_About this exercise_: Return each line of the listing exactly as written.

== Segment start ==

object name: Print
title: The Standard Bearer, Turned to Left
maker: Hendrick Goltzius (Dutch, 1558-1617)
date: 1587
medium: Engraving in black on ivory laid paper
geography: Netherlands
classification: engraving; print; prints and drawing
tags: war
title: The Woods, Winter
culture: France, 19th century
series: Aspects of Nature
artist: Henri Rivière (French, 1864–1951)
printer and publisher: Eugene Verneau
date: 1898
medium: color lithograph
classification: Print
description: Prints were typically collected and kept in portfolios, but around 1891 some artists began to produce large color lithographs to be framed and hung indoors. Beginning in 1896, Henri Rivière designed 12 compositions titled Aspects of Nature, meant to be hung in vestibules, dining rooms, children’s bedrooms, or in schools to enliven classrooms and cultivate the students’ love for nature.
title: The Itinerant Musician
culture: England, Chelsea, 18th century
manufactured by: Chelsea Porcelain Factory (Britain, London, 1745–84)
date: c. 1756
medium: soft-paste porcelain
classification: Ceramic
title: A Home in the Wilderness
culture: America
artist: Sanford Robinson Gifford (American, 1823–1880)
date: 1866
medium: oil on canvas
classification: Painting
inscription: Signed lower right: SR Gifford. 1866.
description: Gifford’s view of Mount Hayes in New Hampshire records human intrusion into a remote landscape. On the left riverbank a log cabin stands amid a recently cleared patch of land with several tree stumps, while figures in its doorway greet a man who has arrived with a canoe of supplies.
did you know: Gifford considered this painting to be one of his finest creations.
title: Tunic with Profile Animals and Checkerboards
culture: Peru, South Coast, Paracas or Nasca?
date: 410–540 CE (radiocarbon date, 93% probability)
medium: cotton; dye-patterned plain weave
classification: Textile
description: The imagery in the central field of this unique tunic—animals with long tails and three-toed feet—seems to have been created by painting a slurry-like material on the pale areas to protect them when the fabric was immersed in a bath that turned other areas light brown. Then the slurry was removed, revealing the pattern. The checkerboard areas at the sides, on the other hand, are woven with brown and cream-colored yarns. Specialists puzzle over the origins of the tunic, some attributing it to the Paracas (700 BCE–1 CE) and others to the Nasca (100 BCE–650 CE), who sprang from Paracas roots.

== Segment end ==

_Task output_:
object name: Print
title: The Standard Bearer, Turned to Left
maker: Hendrick Goltzius (Dutch, 1558-1617)
date: 1587
medium: Engraving in black on ivory laid paper
geography: Netherlands
classification: engraving; print; prints and drawing
tags: war
title: The Woods, Winter
culture: France, 19th century
series: Aspects of Nature
artist: Henri Rivière (French, 1864–1951)
printer and publisher: Eugene Verneau
date: 1898
medium: color lithograph
classification: Print
description: Prints were typically collected and kept in portfolios, but around 1891 some artists began to produce large color lithographs to be framed and hung indoors. Beginning in 1896, Henri Rivière designed 12 compositions titled Aspects of Nature, meant to be hung in vestibules, dining rooms, children’s bedrooms, or in schools to enliven classrooms and cultivate the students’ love for nature.
title: The Itinerant Musician
culture: England, Chelsea, 18th century
manufactured by: Chelsea Porcelain Factory (Britain, London, 1745–84)
date: c. 1756
medium: soft-paste porcelain
classification: Ceramic
title: A Home in the Wilderness
culture: America
artist: Sanford Robinson Gifford (American, 1823–1880)
date: 1866
medium: oil on canvas
classification: Painting
inscription: Signed lower right: SR Gifford. 1866.
description: Gifford’s view of Mount Hayes in New Hampshire records human intrusion into a remote landscape. On the left riverbank a log cabin stands amid a recently cleared patch of land with several tree stumps, while figures in its doorway greet a man who has arrived with a canoe of supplies.
did you know: Gifford considered this painting to be one of his finest creations.
title: Tunic with Profile Animals and Checkerboards
culture: Peru, South Coast, Paracas or Nasca?
date: 410–540 CE (radiocarbon date, 93% probability)
medium: cotton; dye-patterned plain weave
classification: Textile
description: The imagery in the central field of this unique tunic—animals with long tails and three-toed feet—seems to have been created by painting a slurry-like material on the pale areas to protect them when the fabric was immersed in a bath that turned other areas light brown. Then the slurry was removed, revealing the pattern. The checkerboard areas at the sides, on the other hand, are woven with brown and cream-colored yarns. Specialists puzzle over the origins of the tunic, some attributing it to the Paracas (700 BCE–1 CE) and others to the Nasca (100 BCE–650 CE), who sprang from Paracas roots.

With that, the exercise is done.